The final seasons of Buffy were controversial among the media and the fanbase, and seeing intelligent and thorough examinations of how the show dealt with issues and reshaped itself during that time makes for fascinating reading.
By Tim Kane
The Changing Vampire of Film and Television: A Critical Study of the Growth of a Genre breaks with the format of the previous two books in that it is not a collection of essays by different writers. Rather, it is a long form examination of the development of vampires through the decades in popular media, all written by Tim Kane. Kane breaks down cinema and television into three distinct eras:
- The Malignant Cycle (1931-1948) – largely comprised of the Universal Monsters brand of vampiric horror.
- The Erotic Cycle (1957-1985) – the period that includes the Hammer horror films, as well as series like Dark Shadows.
- The Sympathetic Cycle (1987-current) – the more current type of vampire seen in productions like Buffy or The Lost Boys.
Kane uses 19 movies and TV shows as examples of the genre and delves into each to illustrate the ways in which vampires have changed and developed.
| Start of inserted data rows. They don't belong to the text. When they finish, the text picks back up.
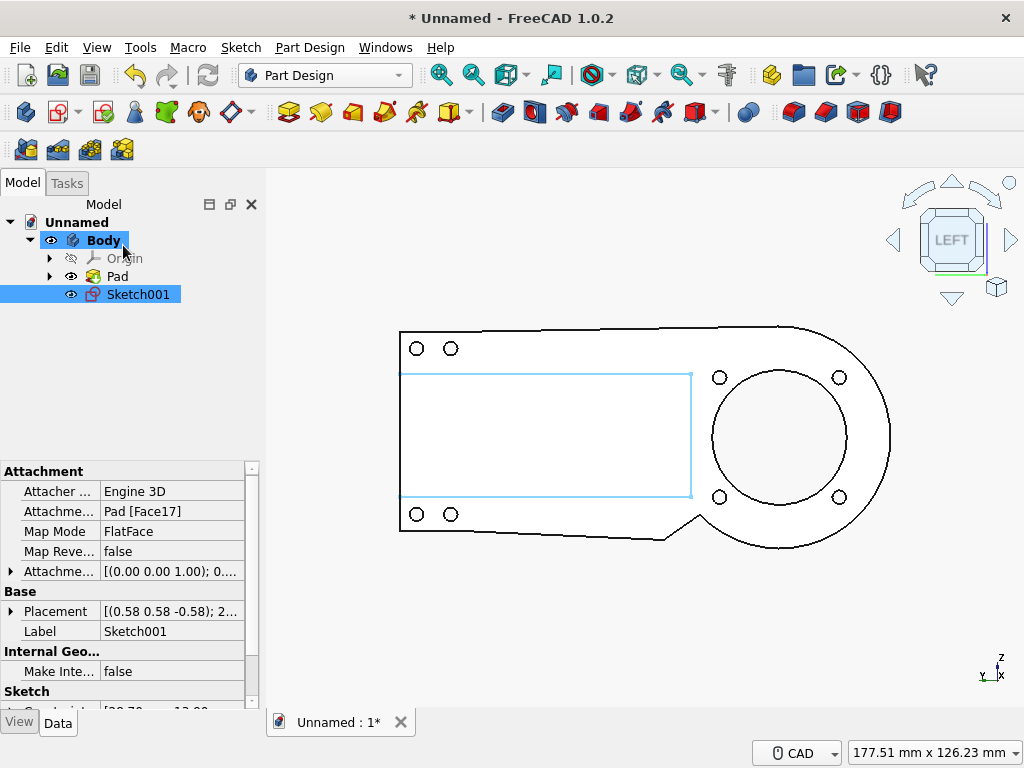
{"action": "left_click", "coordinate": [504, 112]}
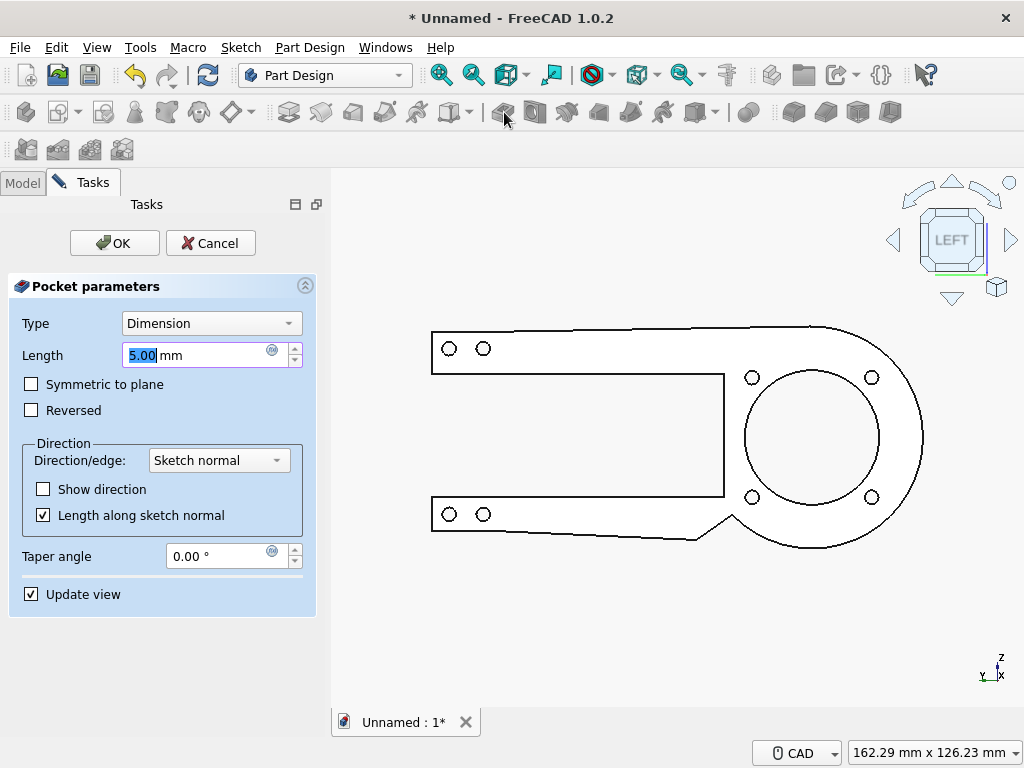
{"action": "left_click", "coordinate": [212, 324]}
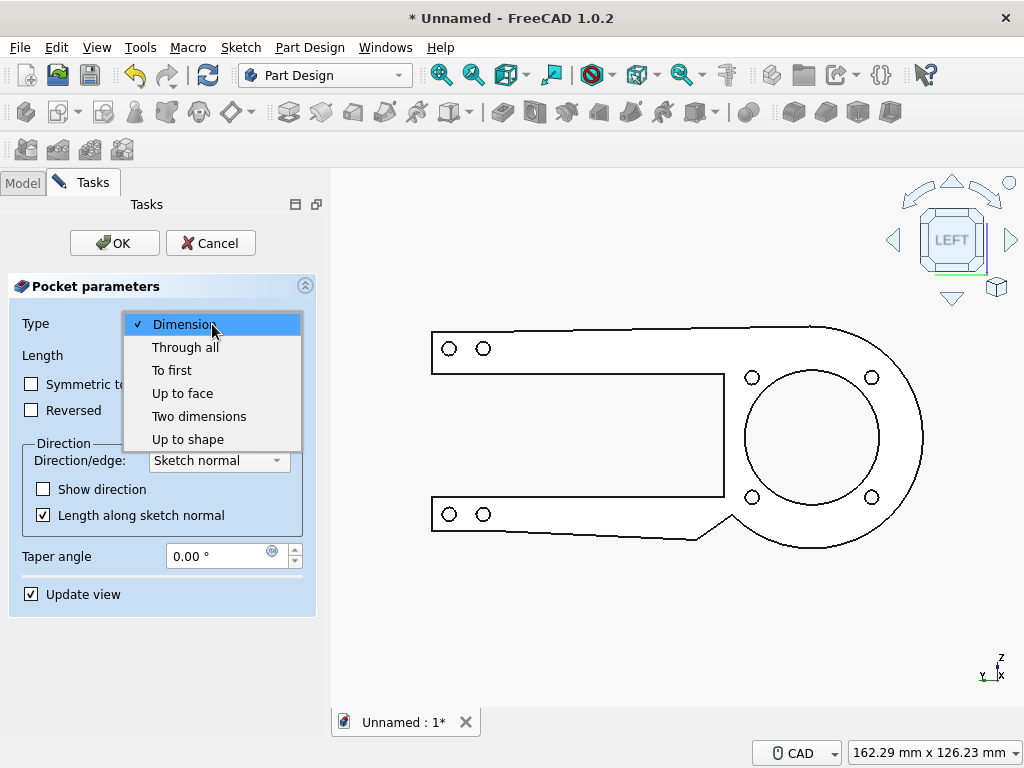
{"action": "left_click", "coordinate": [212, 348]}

He concludes the book with two appendices. The first provides synopses for all the vampiric works he uses as examples throughout the rest of the book. The second appendix, a Semantic-Syntactic Timeline, is probably the most interesting part of the book for me. It defines a number of common tropes of the vampire mythos, including the bite, the infection, and crosses, and it tracks them systematically and chronologically through all 19 movies and TV shows, describing the elements’ evolutions in a clear and concise table.
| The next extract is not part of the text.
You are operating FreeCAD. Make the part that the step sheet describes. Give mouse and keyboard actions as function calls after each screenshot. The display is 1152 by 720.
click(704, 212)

I will be covering more of McFarland’s critical publications in the future as I make my way through the big collection of books they’ve provided. I had heard about Buffy being taught as a college course, but until reading these books I never fully grasped its viability as a resource for such scholarly analysis. Anybody interested in intellectual examinations of Joss Whedon’s creations, as well as of the genres and worlds they inhabit, should check these books out.